Table of Contents
Parenthesized context managers
User-Defined Type Guards
Enhanced error messages
SyntaxError
IndentationErrors
Indentation Errors
Exact line numbers for debugging
Structural Pattern Matching
Enhancement module
Home Backend Development Python Tutorial What new features are added in Python 3.10 version?

What new features are added in Python 3.10 version?

Aug 20, 2023 pm 11:33 PM

Python 3.10版本中新增了哪些新功能?

In this article, we will learn the new features in Python 3.10, compared to 3.9. Let’s see the features −

Parenthesized context managers

Now supports using parentheses to continue context managers across multiple lines. This formats a long collection of context managers into multiple lines in a similar manner to the previous import statement.

User-Defined Type Guards

TypeGuard has been added to the typing module to annotate type guard functions and improve information provided to static type checkers during type narrowing.

Enhanced error messages

If you encounter an error when running a Python program, the error message will now be more accurate and provide the exact error message

The Chinese translation of

SyntaxError

is:

SyntaxError

When parsing code that contains unclosed parentheses or brackets, the interpreter now includes the location of the unclosed parentheses or brackets, rather than displaying SyntaxError: unexpected EOF while parsing or pointing to the wrong location

SyntaxError exceptions raised by the interpreter will now highlight the full error range of the expression that constitutes the syntax error itself, instead of just where the problem is detected.

IndentationErrors

is translated as:

Indentation Errors

Many IndentationError exceptions now provide more contextual information about the type of block that is expected to be indented

Exact line numbers for debugging

More precise and reliable line numbers for debugging, profiling and coverage tools. Tracing events, with the correct line number, are generated for all lines of code executed and only for lines of code that are executed.

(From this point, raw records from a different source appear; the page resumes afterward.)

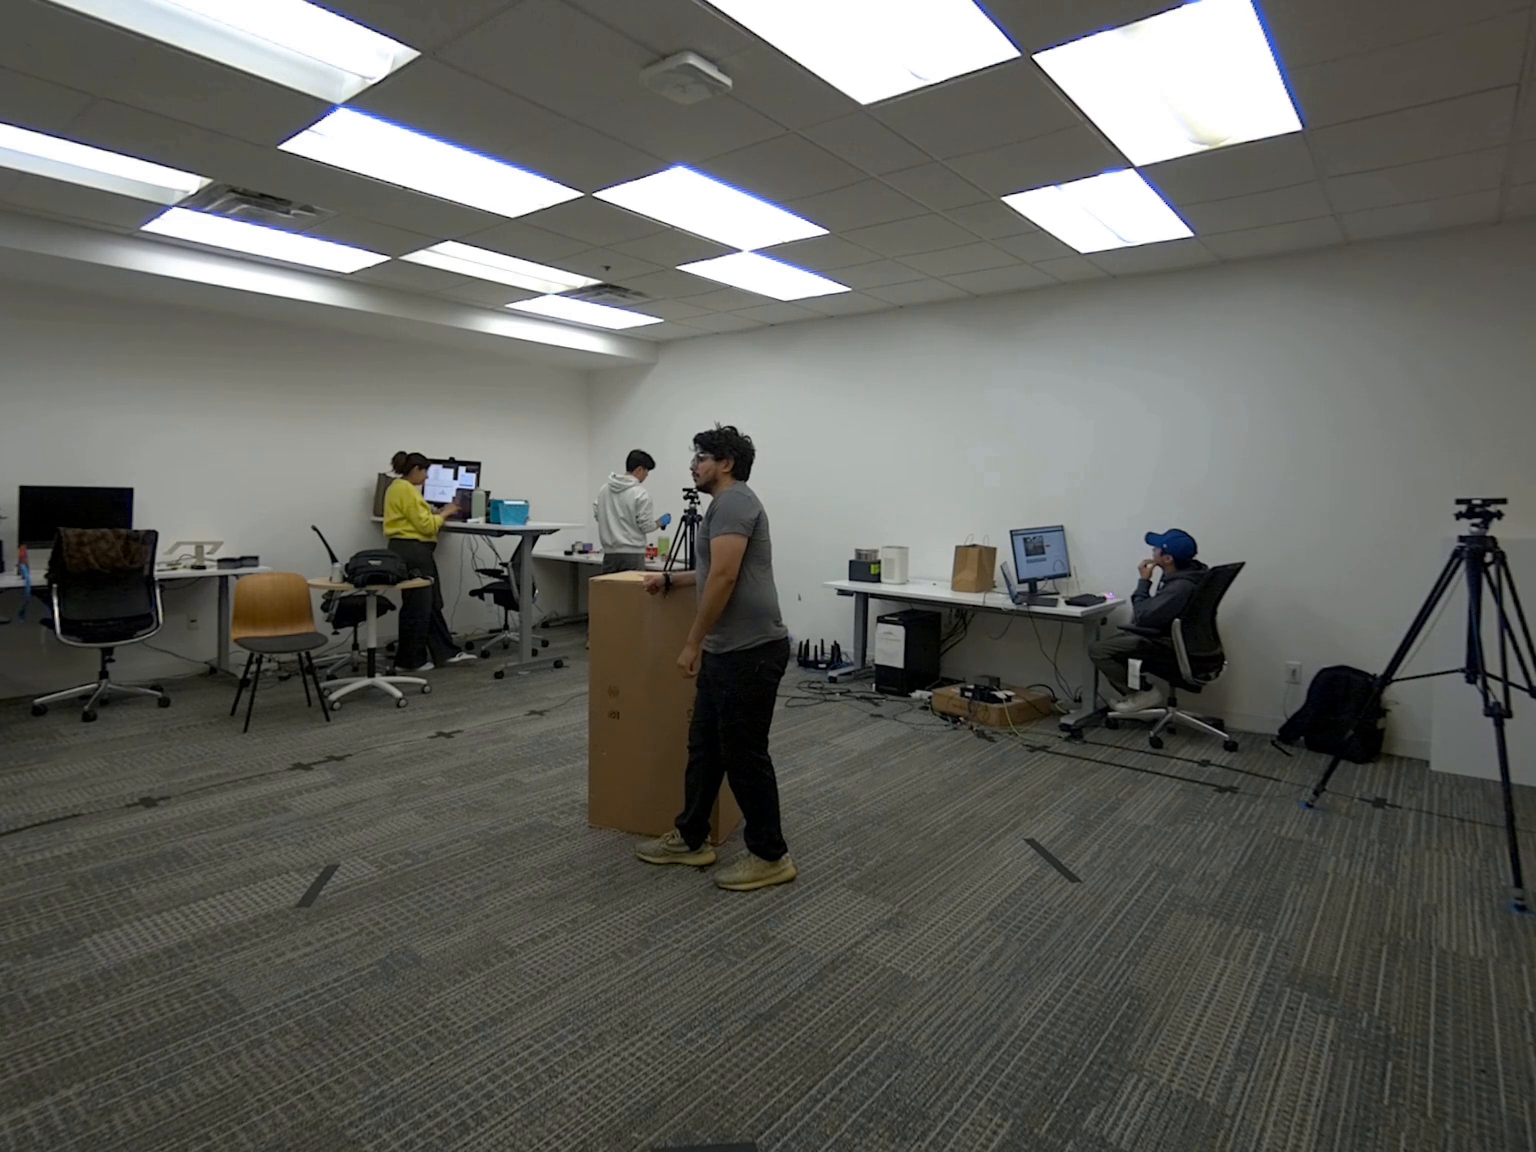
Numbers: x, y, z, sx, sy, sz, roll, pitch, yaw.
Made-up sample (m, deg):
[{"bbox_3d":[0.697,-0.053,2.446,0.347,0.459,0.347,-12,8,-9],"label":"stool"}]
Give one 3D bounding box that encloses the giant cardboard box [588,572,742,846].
[{"bbox_3d":[-0.415,0.514,3.577,0.590,1.023,0.418,3,4,20],"label":"giant cardboard box"}]
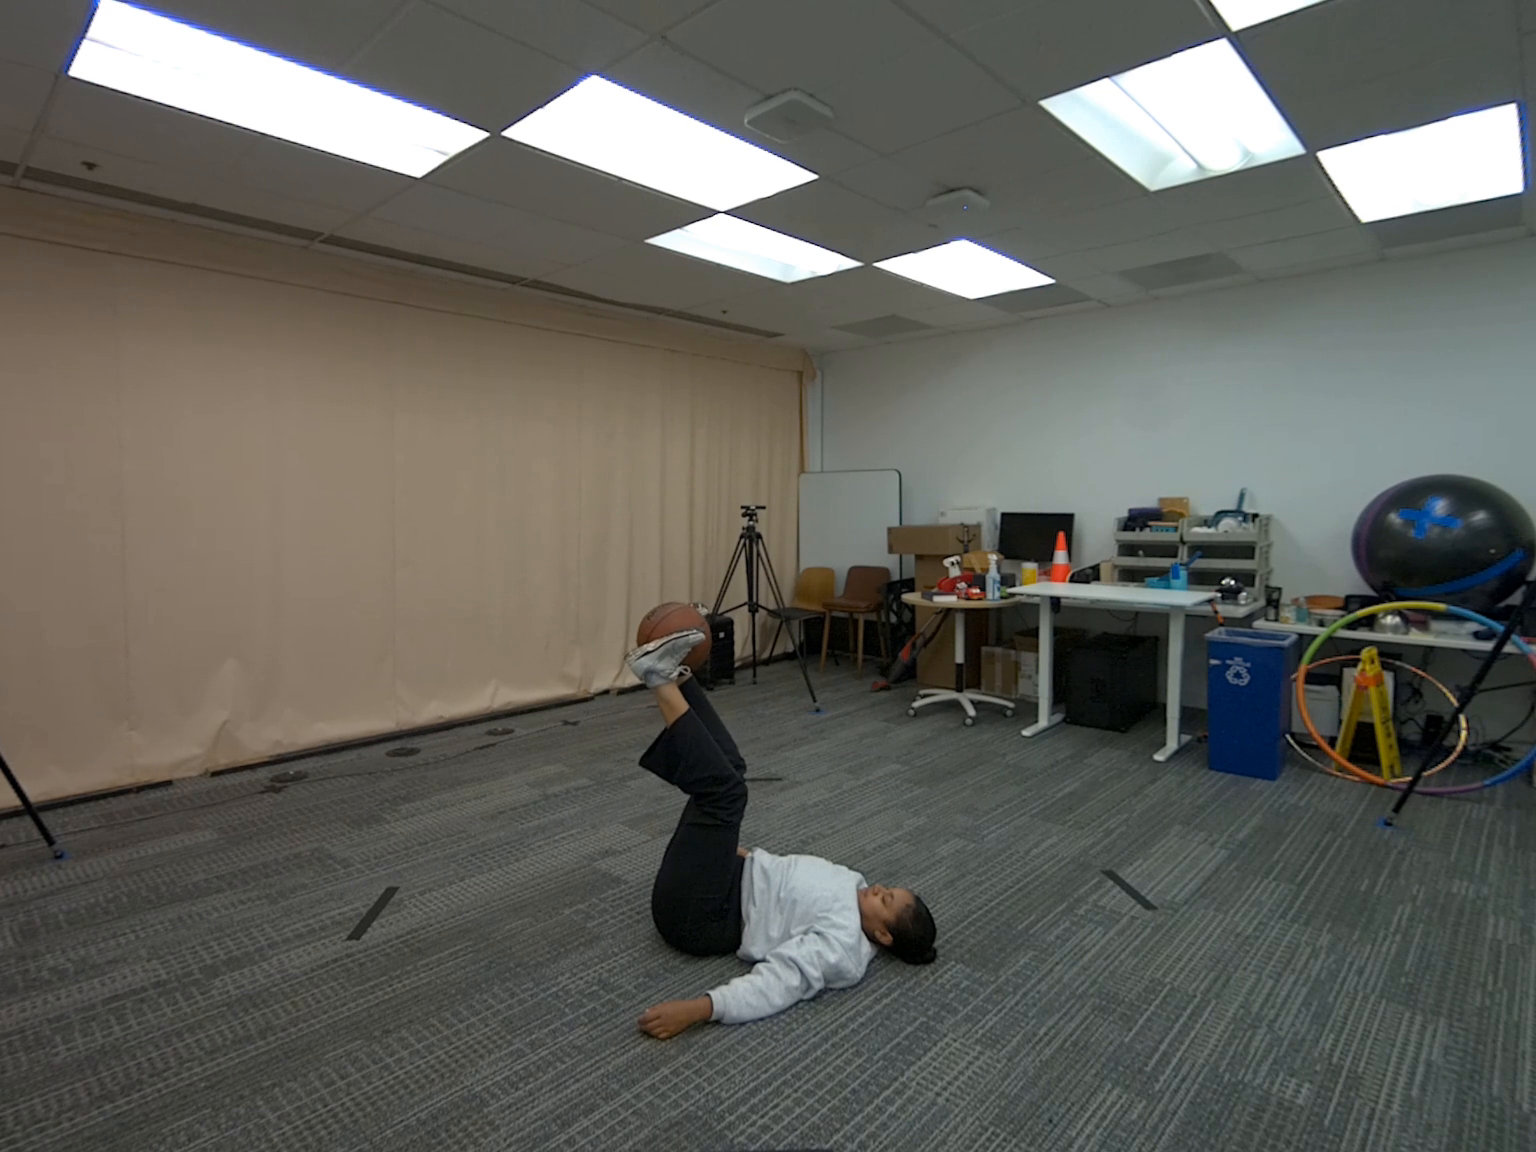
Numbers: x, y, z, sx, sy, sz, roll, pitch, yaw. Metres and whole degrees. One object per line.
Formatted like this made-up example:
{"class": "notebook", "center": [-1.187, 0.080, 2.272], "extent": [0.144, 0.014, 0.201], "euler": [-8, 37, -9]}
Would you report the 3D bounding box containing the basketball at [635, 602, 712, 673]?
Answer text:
{"class": "basketball", "center": [-0.303, 0.207, 2.698], "extent": [0.236, 0.236, 0.236], "euler": [2, 0, -2]}

Structural Pattern Matching

Structural pattern matching has been added via match statements and case statements with patterns of associated operations. Patterns include sequences, maps, primitive data types, and class instances. Pattern matching enables programs to extract information from complex data types, branch based on the structure of the data, and apply specific operations based on different forms of data.

Enhancement module

The following modules add new functions, new methods, etc.

array − The index() method of array.array now has optional start and stop parameters.

base64 − Added base64.b32hexencode() and base64.b32hexdecode() to support the Base32 Encoding with Extended Hex Alphabet.

bisect − Added the possibility of providing a key function to the APIs in the bisect module.

contextlib − Added a contextlib.aclosing() context manager for safely closing asynchronous generators and objects representing asynchronously releasing resources.

distutils − The distutils package is deprecated, to be removed in Python 3.12.

encodings − The encodings.normalize_encoding() now ignores non-ASCII characters.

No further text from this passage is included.